ALA formation following depletion of Kupffer cells by clodronate liposomes.
(A) Gating strategy to define resident CD11b+F4/80hi (subset 1) and transient inflammatory CD11bhiF4/80lo (subset 2) Kupffer cells in the livers of mice five days after a single intravenous (i.v.) administration of clodronate liposomes (clod) or empty liposomes (ctrl) three days post-infection. Data represent the mean ± SEM of three independent experiments (n = 3 animals/group). (B) Gating strategy to define CD11b+CD68+ (region 1) and CD11b+CD68− (region 2) Kupffer cells following treatment with clodronate liposomes (clod) or empty liposomes (ctrl) three days post-infection. (C) Immunohistochemical staining of liver tissue sections two days post i.v. administration of empty liposomes (ctrl) or clodronate liposomes (clod) using an anti-F4/80 antibody; Kupffer cells are indicated by the brown staining. (D) Gating strategy to define CD11b+Ly6G−Ly6C+ inflammatory monocytes derived from total liver and blood leukocytes five days post-clodronate treatment and three days post-infection. Data represent the mean ± SEM of three independent experiments (n = 3 animals/group). (E) Abscess size in wild-type (WT), clodronate-treated (clod), and control (ctrl) mice was monitored by MRI at the indicated times post-infection. Data represent the mean ± SEM of two experiments (3–4 mice/group). (F) PAS staining of abscessed liver tissue sections from control (ctrl) or clodronate-treated mice three days post-treatment and one day post-infection. Arrows indicate E. histolytica trophozoites. Data represent the mean ± SEM; P-values were determined by the Mann-Whitney U and unpaired Student's t test (*P<0.05).
Figure 5.
Role of Ly6Chi inflammatory monocytes in abscess formation.

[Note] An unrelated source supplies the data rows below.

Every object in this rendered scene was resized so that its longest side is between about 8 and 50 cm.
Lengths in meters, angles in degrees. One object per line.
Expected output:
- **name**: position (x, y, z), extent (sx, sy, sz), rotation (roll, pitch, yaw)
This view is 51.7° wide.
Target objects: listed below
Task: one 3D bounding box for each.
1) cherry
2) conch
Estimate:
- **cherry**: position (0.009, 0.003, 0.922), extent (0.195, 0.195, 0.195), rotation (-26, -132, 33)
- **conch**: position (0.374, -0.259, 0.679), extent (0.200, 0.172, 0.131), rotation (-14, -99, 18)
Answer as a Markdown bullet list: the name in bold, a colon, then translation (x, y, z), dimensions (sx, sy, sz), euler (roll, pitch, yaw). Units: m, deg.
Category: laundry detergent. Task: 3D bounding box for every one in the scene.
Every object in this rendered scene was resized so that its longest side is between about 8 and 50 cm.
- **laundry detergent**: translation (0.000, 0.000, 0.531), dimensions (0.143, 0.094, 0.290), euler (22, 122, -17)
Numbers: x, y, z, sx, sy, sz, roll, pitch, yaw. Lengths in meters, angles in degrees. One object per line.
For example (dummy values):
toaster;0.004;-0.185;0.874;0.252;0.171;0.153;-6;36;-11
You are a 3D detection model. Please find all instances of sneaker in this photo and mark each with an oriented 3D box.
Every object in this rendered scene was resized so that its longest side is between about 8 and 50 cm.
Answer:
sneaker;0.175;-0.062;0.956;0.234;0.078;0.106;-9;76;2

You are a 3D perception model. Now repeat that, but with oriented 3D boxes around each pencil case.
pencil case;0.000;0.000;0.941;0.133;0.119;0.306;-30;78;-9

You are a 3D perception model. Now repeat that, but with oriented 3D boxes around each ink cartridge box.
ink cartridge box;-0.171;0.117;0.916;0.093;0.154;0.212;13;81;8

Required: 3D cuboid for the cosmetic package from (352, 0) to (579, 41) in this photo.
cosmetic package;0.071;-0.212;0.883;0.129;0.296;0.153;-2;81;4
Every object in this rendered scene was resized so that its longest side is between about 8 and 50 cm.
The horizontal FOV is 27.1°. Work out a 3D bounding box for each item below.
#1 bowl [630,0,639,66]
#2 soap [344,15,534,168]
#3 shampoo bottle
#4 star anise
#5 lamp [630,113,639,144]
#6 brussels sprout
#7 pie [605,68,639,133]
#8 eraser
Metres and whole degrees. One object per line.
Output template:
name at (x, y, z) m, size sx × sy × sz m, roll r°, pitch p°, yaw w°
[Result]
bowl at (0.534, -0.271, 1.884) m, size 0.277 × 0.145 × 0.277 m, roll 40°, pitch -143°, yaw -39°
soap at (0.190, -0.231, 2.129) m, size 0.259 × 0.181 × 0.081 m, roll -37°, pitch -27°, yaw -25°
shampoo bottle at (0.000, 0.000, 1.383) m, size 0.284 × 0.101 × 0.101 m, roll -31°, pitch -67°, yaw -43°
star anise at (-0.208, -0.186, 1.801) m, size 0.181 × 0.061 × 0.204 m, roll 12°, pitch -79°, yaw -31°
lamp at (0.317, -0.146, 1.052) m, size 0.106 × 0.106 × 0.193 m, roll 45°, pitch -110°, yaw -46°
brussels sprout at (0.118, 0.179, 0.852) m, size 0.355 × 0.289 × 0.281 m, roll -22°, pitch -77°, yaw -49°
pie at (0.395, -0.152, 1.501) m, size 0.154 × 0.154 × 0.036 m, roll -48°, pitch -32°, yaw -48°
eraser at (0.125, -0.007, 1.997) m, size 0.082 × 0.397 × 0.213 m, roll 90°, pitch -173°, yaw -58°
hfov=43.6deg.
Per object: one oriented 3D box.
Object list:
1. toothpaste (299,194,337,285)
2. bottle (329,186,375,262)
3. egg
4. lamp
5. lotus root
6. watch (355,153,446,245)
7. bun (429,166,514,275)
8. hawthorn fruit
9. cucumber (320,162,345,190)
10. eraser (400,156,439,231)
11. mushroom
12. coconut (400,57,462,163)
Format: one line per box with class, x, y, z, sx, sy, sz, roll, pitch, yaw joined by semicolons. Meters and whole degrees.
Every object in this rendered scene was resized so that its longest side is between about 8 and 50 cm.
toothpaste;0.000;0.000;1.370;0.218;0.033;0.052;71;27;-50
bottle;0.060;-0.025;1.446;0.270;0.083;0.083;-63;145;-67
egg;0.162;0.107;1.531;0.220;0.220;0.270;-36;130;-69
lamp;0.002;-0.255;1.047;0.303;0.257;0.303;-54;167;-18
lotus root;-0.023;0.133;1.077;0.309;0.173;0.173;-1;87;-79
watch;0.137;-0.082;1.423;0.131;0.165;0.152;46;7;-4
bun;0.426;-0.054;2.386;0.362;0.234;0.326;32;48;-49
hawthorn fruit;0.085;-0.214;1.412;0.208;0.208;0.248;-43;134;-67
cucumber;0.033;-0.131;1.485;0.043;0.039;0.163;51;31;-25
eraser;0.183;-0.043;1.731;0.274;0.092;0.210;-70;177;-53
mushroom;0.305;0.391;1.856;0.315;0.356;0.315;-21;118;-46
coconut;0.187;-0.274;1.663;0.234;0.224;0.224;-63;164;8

(A) CCL2 mRNA levels in liver tissue of mice infected with E. histolytica trophozoites (ALA), sham-operated mice (sham) and naïve mice (naïve) at the indicated times (n = 4). (B) Abscess volume was determined by MRI at the indicated time points in wild-type (WT) and CCR2−/− mice. Data represent the mean ± SEM of three independent experiments (n = 3–4 animals/group). (C) Gating strategy to define liver leukocytes from wild-type (WT) and CCR2−/− mice five days post-infection. Inflammatory monocytes were defined as Ly6ChiLy6G−CD11b+ cells (region 1); Ly6Clo monocytes were defined as Ly6CloLy6G−CD11b+ cells (region 2); and neutrophils were defined as Ly6G+Ly6CloCD11b+ cells. (D) Representative MRI images of abscesses (arrows) in infected wild-type (WT) and CCR2−/− mice that received an adoptive transfer of CD115+ WT monocytes 6 hours post-infection; time post-infection is indicated. (E) MRI-based determination of abscess volume at the indicated times. Shown are representative data (mean ± SEM) of one out of two independent experiments (each 4–5 animals/group); P-values were determined by the Mann-Whitney U test (*P<0.05; **P<0.01; ***P<0.001).
Figure 6.
Contribution of NO and TNFα to liver tissue damage during ALA.

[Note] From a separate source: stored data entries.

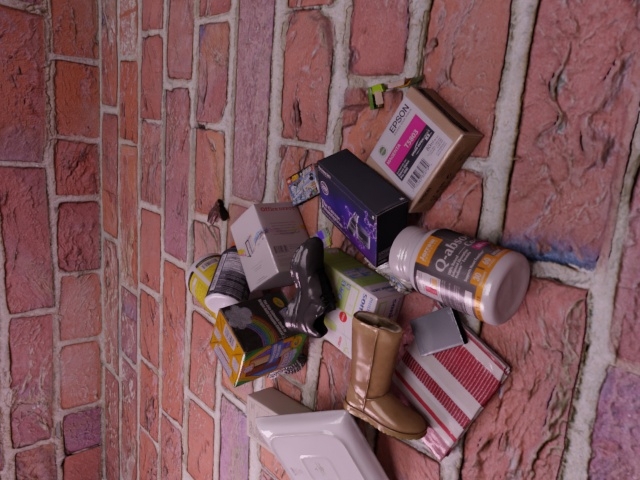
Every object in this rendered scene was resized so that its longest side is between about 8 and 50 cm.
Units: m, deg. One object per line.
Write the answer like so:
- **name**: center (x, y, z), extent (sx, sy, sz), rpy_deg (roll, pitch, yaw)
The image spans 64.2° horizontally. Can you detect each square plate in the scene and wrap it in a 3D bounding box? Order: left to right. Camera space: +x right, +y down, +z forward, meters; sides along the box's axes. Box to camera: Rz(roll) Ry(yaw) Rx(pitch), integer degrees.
- **square plate**: center (0.009, 0.635, 1.448), extent (0.344, 0.049, 0.347), rpy_deg (-18, 107, 33)

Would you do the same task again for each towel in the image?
- **towel**: center (0.000, 0.000, 1.563), extent (0.083, 0.009, 0.060), rpy_deg (-28, 73, 46)
- **towel**: center (0.298, 0.348, 1.261), extent (0.237, 0.037, 0.329), rpy_deg (46, 124, 37)

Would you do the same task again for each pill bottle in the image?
- **pill bottle**: center (-0.321, 0.196, 1.809), extent (0.334, 0.188, 0.188), rpy_deg (35, 119, 40)
- **pill bottle**: center (-0.278, 0.114, 1.654), extent (0.130, 0.130, 0.245), rpy_deg (-38, 29, 43)
- **pill bottle**: center (0.298, 0.065, 1.130), extent (0.278, 0.162, 0.162), rpy_deg (23, 111, 44)

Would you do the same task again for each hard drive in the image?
- **hard drive**: center (0.283, 0.219, 1.228), extent (0.135, 0.022, 0.094), rpy_deg (-33, 67, 45)

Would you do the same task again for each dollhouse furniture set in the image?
- **dollhouse furniture set**: center (0.183, -0.368, 1.274), extent (0.152, 0.076, 0.058), rpy_deg (3, 110, 49)

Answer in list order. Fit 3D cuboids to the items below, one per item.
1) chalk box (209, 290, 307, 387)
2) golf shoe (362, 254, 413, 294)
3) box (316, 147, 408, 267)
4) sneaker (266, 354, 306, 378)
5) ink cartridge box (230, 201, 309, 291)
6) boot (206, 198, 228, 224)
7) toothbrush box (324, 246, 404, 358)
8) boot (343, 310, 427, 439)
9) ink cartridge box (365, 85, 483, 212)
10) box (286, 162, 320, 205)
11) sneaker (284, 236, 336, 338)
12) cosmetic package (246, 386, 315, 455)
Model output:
- **chalk box**: center (-0.164, 0.291, 1.576), extent (0.180, 0.289, 0.179), rpy_deg (52, 136, 32)
- **golf shoe**: center (0.189, 0.062, 1.337), extent (0.176, 0.069, 0.086), rpy_deg (40, 102, 34)
- **box**: center (0.103, -0.087, 1.306), extent (0.261, 0.103, 0.184), rpy_deg (47, 153, 39)
- **sneaker**: center (-0.116, 0.405, 1.701), extent (0.162, 0.073, 0.063), rpy_deg (-21, 103, 27)
- **ink cartridge box**: center (-0.148, 0.017, 1.608), extent (0.168, 0.171, 0.232), rpy_deg (-36, 68, 44)
- **boot**: center (-0.403, -0.087, 1.975), extent (0.114, 0.037, 0.106), rpy_deg (-46, 48, 37)
- **toothbrush box**: center (0.072, 0.172, 1.424), extent (0.283, 0.122, 0.206), rpy_deg (33, 118, 39)
- **boot**: center (0.168, 0.333, 1.253), extent (0.236, 0.089, 0.269), rpy_deg (15, 111, 21)
- **ink cartridge box**: center (0.237, -0.214, 1.217), extent (0.193, 0.088, 0.234), rpy_deg (52, 130, 29)
- **box**: center (-0.047, -0.171, 1.580), extent (0.137, 0.027, 0.094), rpy_deg (-22, 80, 47)
- **sneaker**: center (-0.011, 0.129, 1.359), extent (0.130, 0.109, 0.286), rpy_deg (20, 116, 34)
- **cosmetic package**: center (-0.113, 0.623, 1.690), extent (0.309, 0.113, 0.160), rpy_deg (14, 106, 47)

iNOS (A) and TNFα (B) mRNA levels in liver tissue of mice infected with E. histolytica trophozoites (ALA), sham-operated (sham) and naïve (naïve) mice at the indicated times post-infection (n = 4). (C and D) MRI-based determination of abscess volume in wild-type (WT), iNOS−/− as well as L-NMMA treated mice (C) and in wild-type mice treated with an anti-TNFα antibody 24 h before infection (D). Time post-infection is indicated (4–5 animals/group). (E) Gating strategy to define liver leukocytes producing TNFα; cells were defined as low (TNFαlo) and high (TNFαhi) producers of TNFα. Leukocytes were isolated from infected (ALA), sham-operated (sham) and naïve (naïve) mice at the indicated times post-infection. Cells were further characterized according to the expression of Ly6C as CD11b+Ly6lo and CD11b+Ly6Chi monocytes. (F) Gating strategy to define the numbers of TNFα-positive F4/80+ Kupffer cells in livers of naive, sham immunized and infected mice on indicated time points. Data represent the mean ± SEM of two independent experiments (2–5 animals/group); P-values were determined by the Mann-Whitney U test (*P<0.05, **P<0.01, ***P<0.001).